── Data records ──
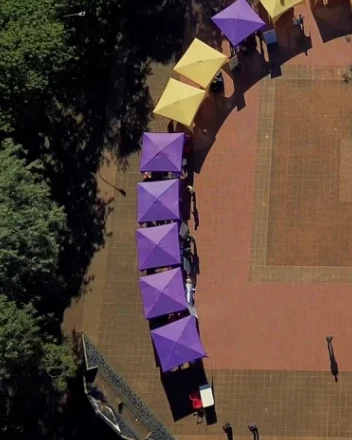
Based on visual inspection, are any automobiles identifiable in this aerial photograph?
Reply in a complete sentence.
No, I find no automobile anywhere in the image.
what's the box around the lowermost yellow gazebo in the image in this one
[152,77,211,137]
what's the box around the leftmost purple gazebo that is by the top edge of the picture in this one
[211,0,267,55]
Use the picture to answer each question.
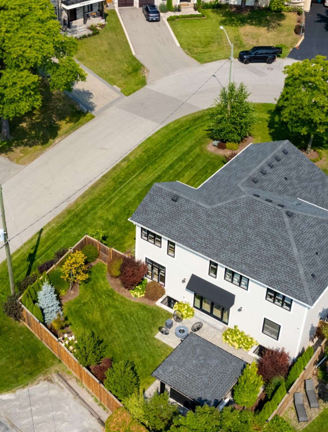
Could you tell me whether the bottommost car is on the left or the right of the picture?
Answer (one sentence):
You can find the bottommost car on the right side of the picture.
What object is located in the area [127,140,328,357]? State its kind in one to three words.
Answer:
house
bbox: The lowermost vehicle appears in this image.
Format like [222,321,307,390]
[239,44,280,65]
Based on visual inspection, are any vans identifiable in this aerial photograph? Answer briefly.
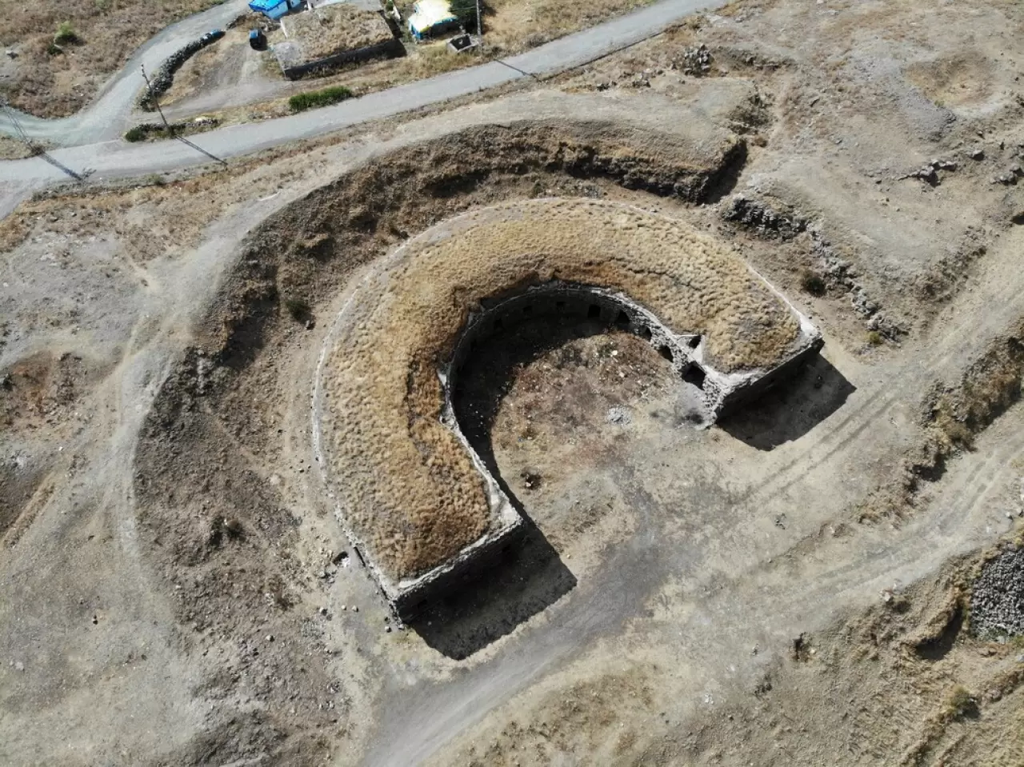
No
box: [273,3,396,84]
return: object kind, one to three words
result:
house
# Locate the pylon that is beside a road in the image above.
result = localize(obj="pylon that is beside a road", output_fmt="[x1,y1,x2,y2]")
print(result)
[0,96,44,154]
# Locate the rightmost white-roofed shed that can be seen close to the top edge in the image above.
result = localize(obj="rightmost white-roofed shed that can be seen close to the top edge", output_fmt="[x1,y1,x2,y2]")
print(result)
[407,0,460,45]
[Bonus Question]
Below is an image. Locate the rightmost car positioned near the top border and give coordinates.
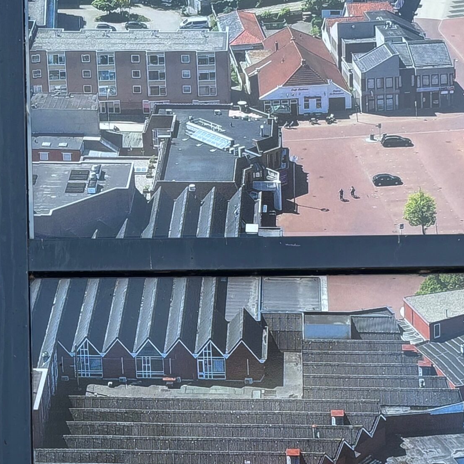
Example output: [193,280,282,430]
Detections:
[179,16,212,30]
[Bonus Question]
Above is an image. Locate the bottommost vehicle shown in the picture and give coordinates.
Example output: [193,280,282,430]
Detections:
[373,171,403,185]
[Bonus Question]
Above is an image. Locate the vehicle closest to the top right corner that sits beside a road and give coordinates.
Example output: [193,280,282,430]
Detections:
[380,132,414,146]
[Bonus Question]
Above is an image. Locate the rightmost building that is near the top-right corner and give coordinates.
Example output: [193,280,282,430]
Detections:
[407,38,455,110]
───
── Data records ──
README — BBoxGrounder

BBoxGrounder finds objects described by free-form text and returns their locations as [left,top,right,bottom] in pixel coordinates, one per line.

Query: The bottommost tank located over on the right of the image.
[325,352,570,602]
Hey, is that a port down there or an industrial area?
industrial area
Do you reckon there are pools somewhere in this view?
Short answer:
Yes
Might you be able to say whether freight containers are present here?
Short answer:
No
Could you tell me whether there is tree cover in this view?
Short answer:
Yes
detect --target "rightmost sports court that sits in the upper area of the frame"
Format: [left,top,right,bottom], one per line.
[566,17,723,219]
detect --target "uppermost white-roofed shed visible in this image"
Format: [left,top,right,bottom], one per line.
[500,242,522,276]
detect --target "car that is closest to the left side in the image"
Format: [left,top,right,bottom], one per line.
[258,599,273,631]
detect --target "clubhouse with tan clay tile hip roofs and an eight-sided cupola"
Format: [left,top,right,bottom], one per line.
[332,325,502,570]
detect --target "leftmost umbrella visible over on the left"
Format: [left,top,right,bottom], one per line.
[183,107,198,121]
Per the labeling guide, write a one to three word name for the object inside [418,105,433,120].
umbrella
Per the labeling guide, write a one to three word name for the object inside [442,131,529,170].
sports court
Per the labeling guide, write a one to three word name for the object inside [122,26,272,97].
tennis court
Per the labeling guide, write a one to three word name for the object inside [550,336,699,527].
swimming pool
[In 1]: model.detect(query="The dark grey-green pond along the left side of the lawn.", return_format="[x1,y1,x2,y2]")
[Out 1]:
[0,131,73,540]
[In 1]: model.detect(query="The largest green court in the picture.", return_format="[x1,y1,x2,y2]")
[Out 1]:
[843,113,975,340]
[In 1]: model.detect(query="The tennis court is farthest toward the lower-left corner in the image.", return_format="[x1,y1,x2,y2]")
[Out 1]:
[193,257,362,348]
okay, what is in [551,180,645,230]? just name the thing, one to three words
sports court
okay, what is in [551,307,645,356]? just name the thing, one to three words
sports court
───
── Data records ──
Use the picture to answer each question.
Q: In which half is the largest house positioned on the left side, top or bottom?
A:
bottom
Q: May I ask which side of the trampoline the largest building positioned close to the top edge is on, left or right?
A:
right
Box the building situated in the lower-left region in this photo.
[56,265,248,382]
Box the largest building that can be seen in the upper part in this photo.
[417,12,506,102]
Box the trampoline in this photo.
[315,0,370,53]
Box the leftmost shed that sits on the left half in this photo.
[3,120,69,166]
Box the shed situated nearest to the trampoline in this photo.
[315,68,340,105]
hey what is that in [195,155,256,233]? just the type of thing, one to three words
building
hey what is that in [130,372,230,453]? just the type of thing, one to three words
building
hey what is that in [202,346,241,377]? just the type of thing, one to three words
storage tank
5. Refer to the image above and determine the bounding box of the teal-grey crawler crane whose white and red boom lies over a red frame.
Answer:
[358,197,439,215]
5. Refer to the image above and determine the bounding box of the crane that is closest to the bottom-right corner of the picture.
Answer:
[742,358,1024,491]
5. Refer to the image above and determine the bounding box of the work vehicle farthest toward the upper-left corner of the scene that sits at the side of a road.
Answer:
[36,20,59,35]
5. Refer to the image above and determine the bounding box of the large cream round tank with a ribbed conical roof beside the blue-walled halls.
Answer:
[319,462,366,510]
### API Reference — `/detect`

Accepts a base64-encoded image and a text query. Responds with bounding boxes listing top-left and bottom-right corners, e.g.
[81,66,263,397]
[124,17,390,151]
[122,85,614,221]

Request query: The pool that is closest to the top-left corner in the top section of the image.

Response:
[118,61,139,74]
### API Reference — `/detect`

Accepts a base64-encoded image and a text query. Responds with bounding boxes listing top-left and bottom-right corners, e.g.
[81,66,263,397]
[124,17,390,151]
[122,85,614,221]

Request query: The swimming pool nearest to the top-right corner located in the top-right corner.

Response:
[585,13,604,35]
───
Across the entries above, work out the count of lines that hold the word "crane", and state that number alone.

2